* [Record excerpts]
--------

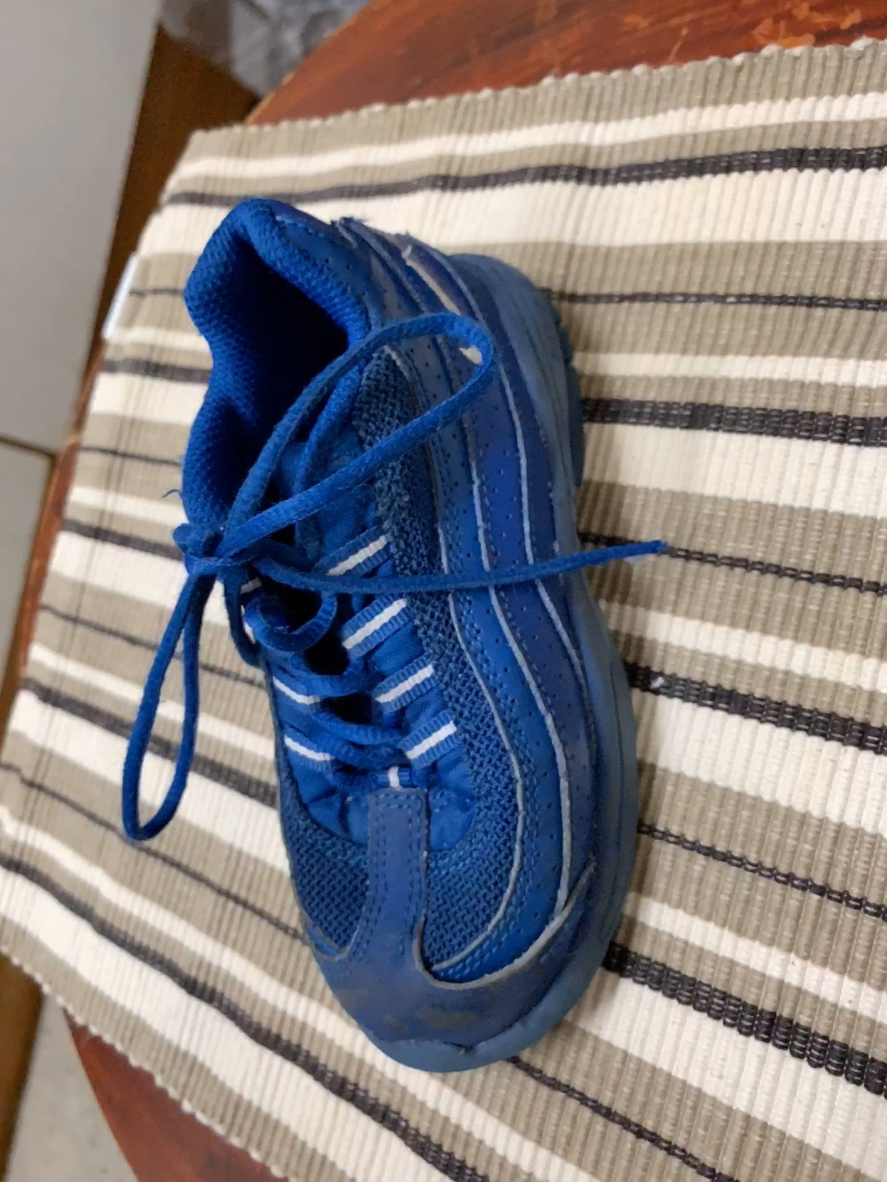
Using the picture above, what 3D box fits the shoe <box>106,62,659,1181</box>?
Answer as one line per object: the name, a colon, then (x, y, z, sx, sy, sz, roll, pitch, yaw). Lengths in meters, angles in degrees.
shoe: (-0.007, 0.005, 0.197, 0.073, 0.079, 0.175, -6, 77, 34)
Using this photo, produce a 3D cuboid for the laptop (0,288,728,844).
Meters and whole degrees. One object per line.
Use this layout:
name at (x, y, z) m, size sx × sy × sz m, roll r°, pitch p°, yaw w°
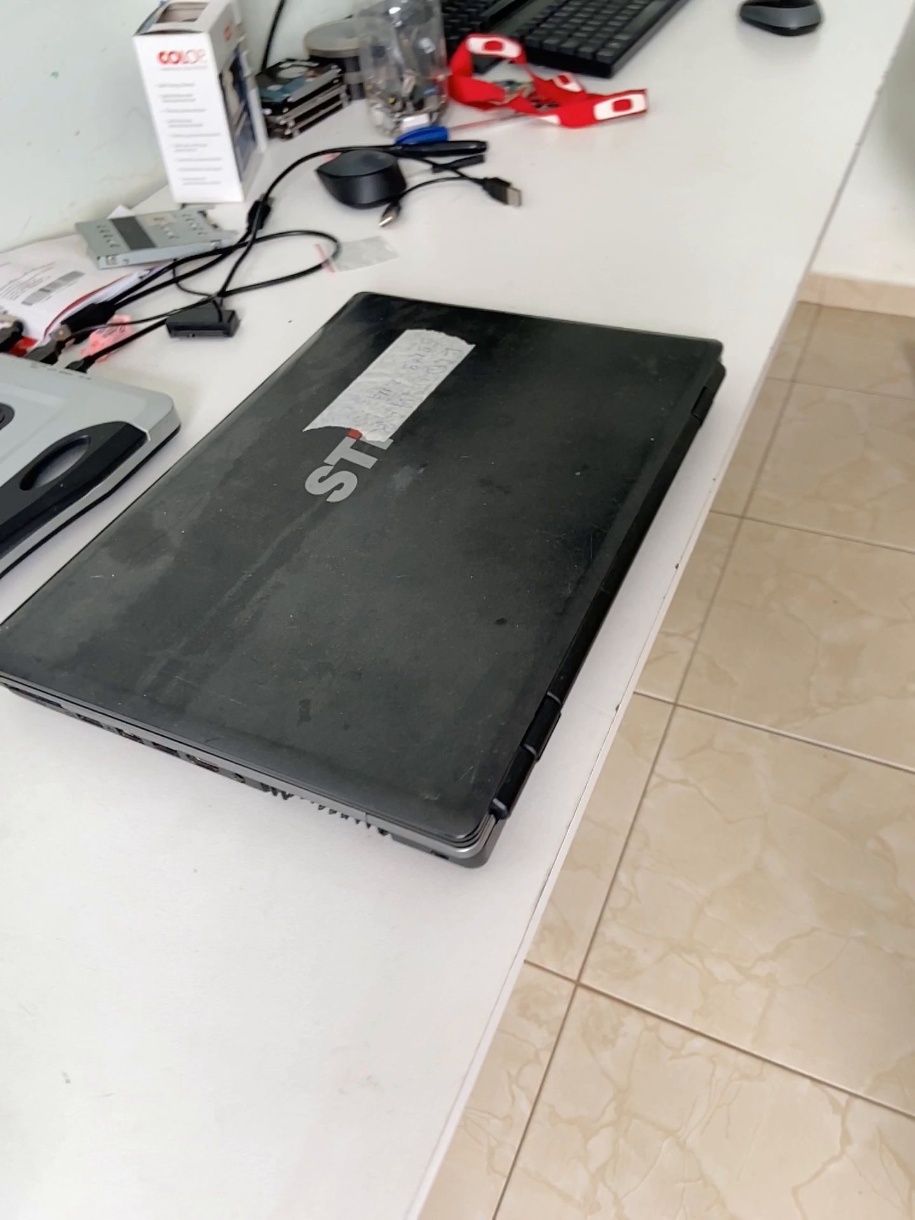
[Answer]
laptop at (-0.026, -0.064, 0.471) m, size 0.234 × 0.006 × 0.339 m, roll 15°, pitch 50°, yaw 22°
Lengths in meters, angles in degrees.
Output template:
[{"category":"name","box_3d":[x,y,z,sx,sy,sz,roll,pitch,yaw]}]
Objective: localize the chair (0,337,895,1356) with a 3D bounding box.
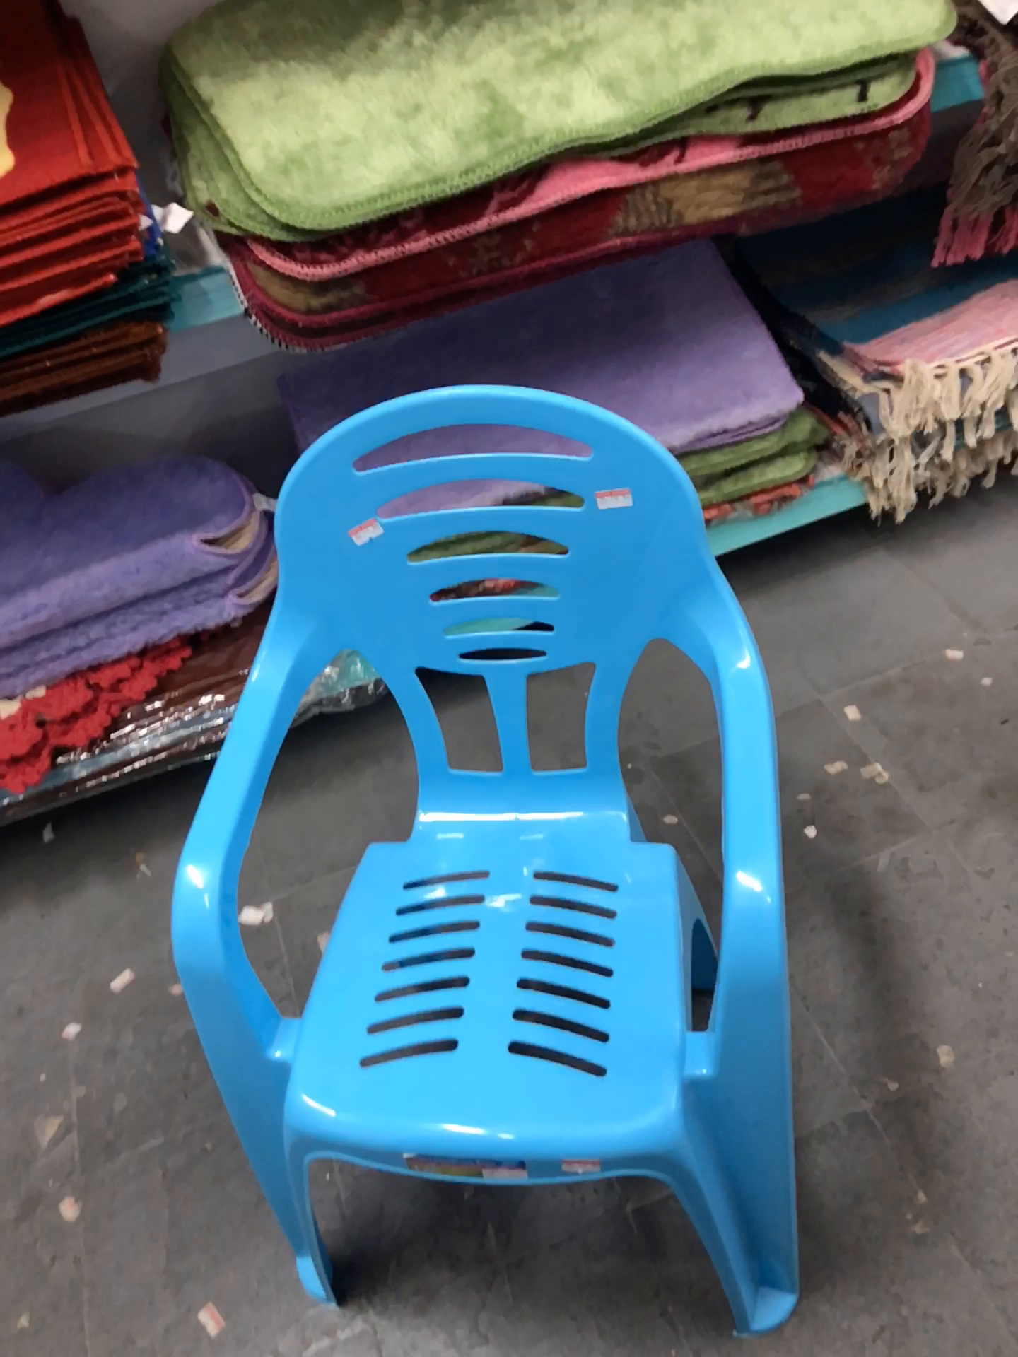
[{"category":"chair","box_3d":[-0.017,0.133,0.704,0.400,0.517,0.392,-1,44,10]}]
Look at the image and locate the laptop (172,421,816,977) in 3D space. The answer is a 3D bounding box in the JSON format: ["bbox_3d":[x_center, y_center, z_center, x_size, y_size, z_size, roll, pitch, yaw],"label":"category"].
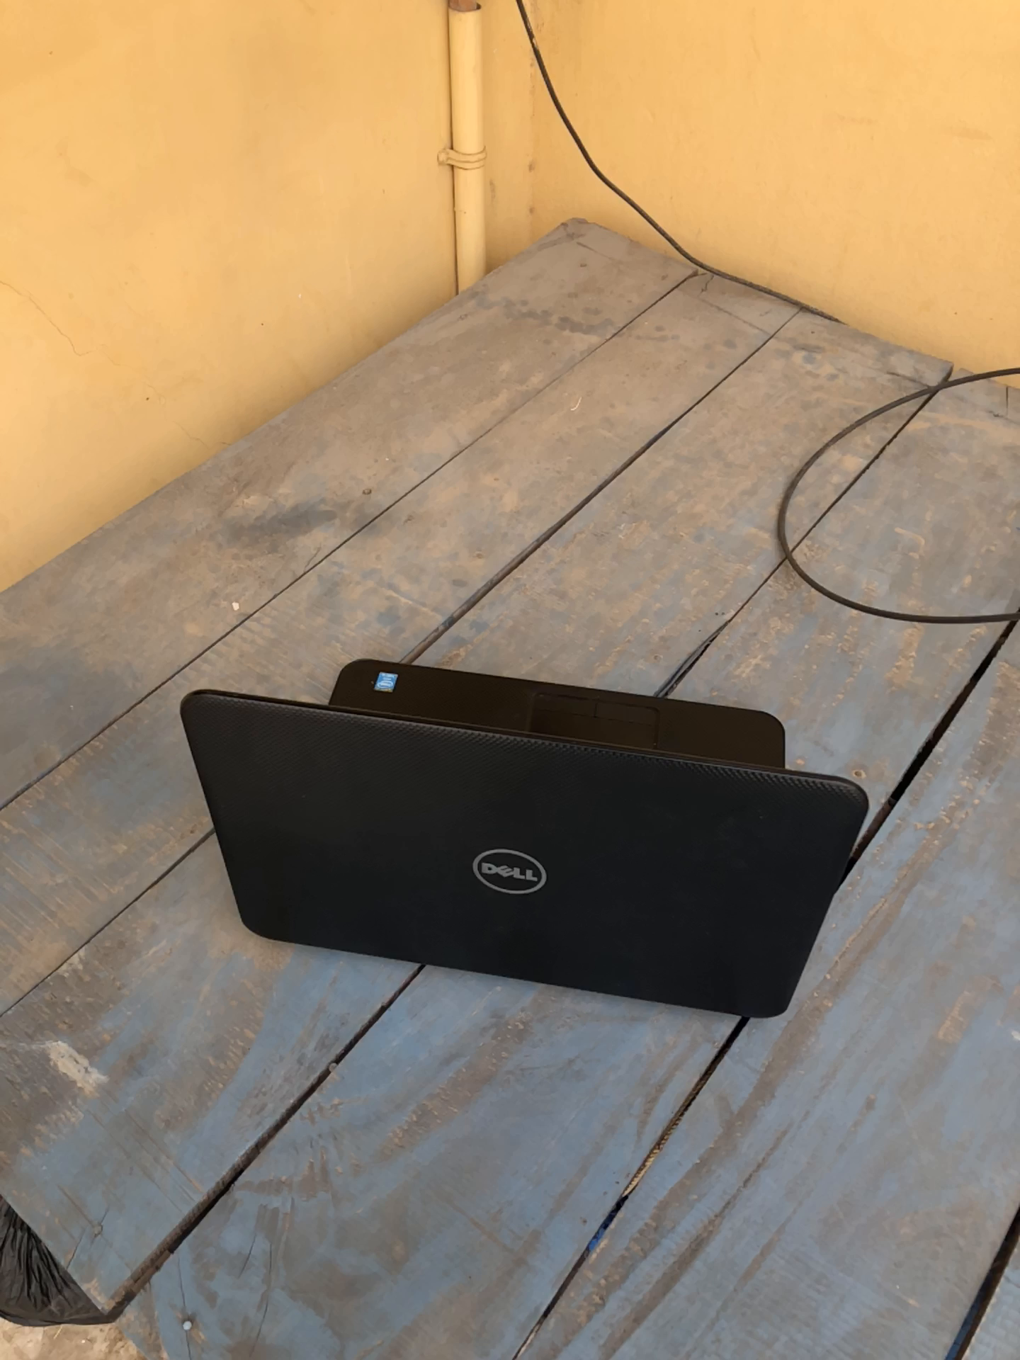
[{"bbox_3d":[0.008,0.013,0.746,0.340,0.234,0.226,7,50,7],"label":"laptop"}]
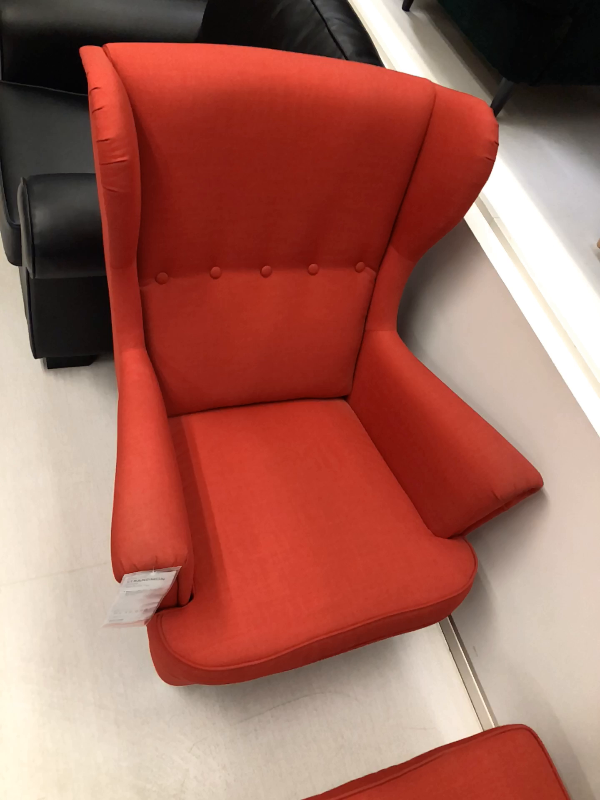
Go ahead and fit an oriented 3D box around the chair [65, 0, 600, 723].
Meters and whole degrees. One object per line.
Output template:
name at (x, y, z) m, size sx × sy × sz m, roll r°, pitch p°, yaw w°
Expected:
chair at (0.066, -0.024, 1.316) m, size 0.902 × 0.975 × 0.843 m, roll -7°, pitch 59°, yaw -24°
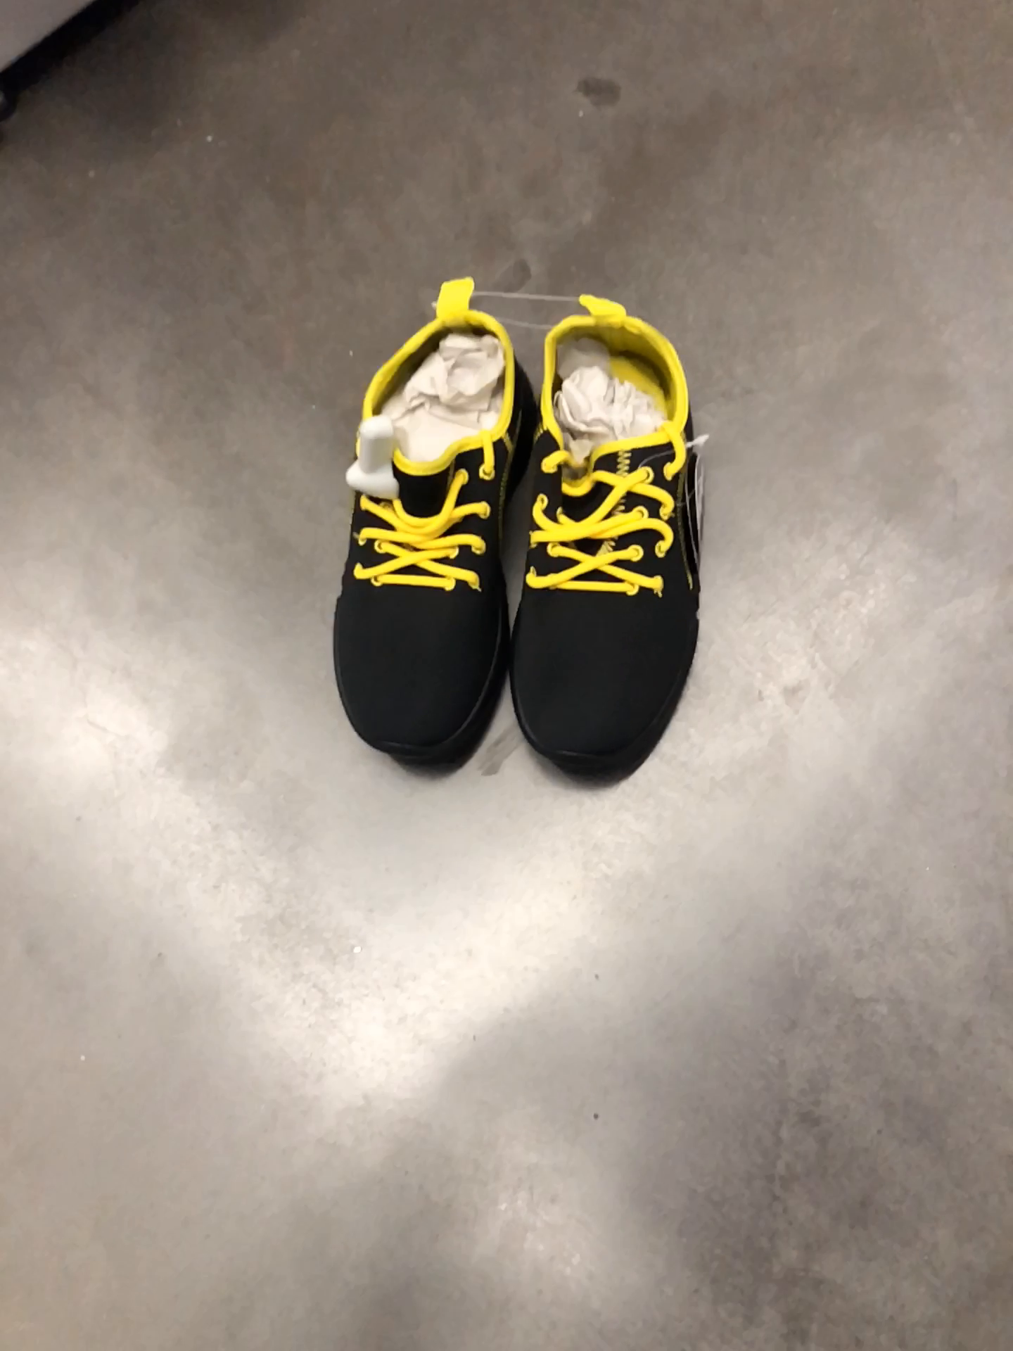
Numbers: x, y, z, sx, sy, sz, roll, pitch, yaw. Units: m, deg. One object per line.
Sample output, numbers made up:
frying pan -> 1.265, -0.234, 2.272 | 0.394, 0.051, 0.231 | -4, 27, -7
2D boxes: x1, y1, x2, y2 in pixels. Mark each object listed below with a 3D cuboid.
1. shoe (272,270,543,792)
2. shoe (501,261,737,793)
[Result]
shoe -> -0.039, -0.070, 0.548 | 0.090, 0.100, 0.231 | 3, 71, 6
shoe -> 0.057, -0.070, 0.538 | 0.090, 0.100, 0.231 | 3, 71, 6
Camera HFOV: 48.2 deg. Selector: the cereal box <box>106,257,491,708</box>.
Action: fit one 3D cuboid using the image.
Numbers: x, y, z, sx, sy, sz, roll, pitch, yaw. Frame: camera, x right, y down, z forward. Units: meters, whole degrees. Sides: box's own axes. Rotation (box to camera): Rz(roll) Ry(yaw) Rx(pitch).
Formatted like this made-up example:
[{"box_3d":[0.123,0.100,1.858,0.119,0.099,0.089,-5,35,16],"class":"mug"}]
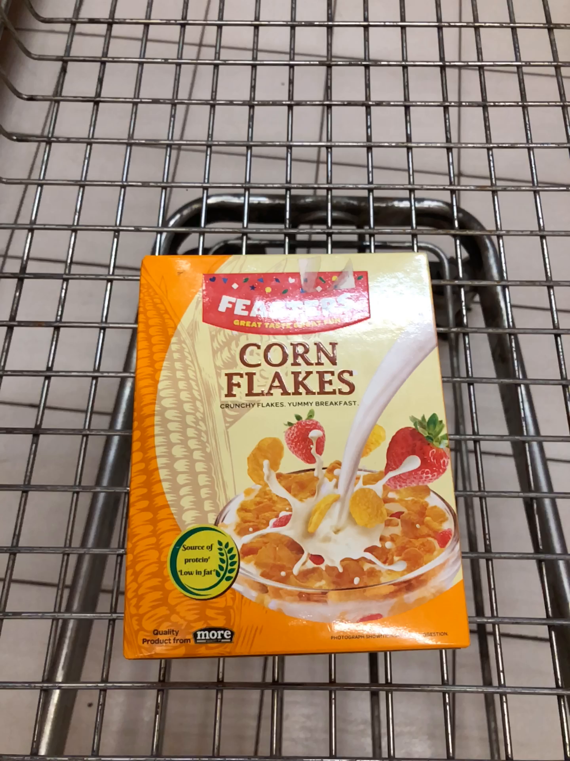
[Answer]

--------

* [How to complete this task] Begin at the first line of the entries and end at the line containing "deg. One object per line.": write out each line exactly, skipping pictures.

* [Response to the task]
Using the picture above, what 3D box fits the shoe <box>106,62,659,1181</box>?
Answer as one line per object: the name, a colon, then (x, y, z, sx, sy, sz, roll, pitch, yaw). Lengths in meters, angles in degrees.
shoe: (-0.007, 0.005, 0.197, 0.073, 0.079, 0.175, -6, 77, 34)
Using this photo, produce a 3D cuboid for the laptop (0,288,728,844).
Meters and whole degrees. One object per line.
Use this layout:
name at (x, y, z) m, size sx × sy × sz m, roll r°, pitch p°, yaw w°
[Answer]
laptop at (-0.026, -0.064, 0.471) m, size 0.234 × 0.006 × 0.339 m, roll 15°, pitch 50°, yaw 22°
Lengths in meters, angles in degrees.
Output template:
[{"category":"name","box_3d":[x,y,z,sx,sy,sz,roll,pitch,yaw]}]
Objective: localize the chair (0,337,895,1356) with a 3D bounding box.
[{"category":"chair","box_3d":[-0.017,0.133,0.704,0.400,0.517,0.392,-1,44,10]}]
Look at the image and locate the laptop (172,421,816,977) in 3D space. The answer is a 3D bounding box in the JSON format: ["bbox_3d":[x_center, y_center, z_center, x_size, y_size, z_size, roll, pitch, yaw],"label":"category"].
[{"bbox_3d":[0.008,0.013,0.746,0.340,0.234,0.226,7,50,7],"label":"laptop"}]
Go ahead and fit an oriented 3D box around the chair [65, 0, 600, 723].
Meters and whole degrees. One object per line.
Output template:
name at (x, y, z) m, size sx × sy × sz m, roll r°, pitch p°, yaw w°
Expected:
chair at (0.066, -0.024, 1.316) m, size 0.902 × 0.975 × 0.843 m, roll -7°, pitch 59°, yaw -24°
Numbers: x, y, z, sx, sy, sz, roll, pitch, yaw. Units: m, deg. One object per line.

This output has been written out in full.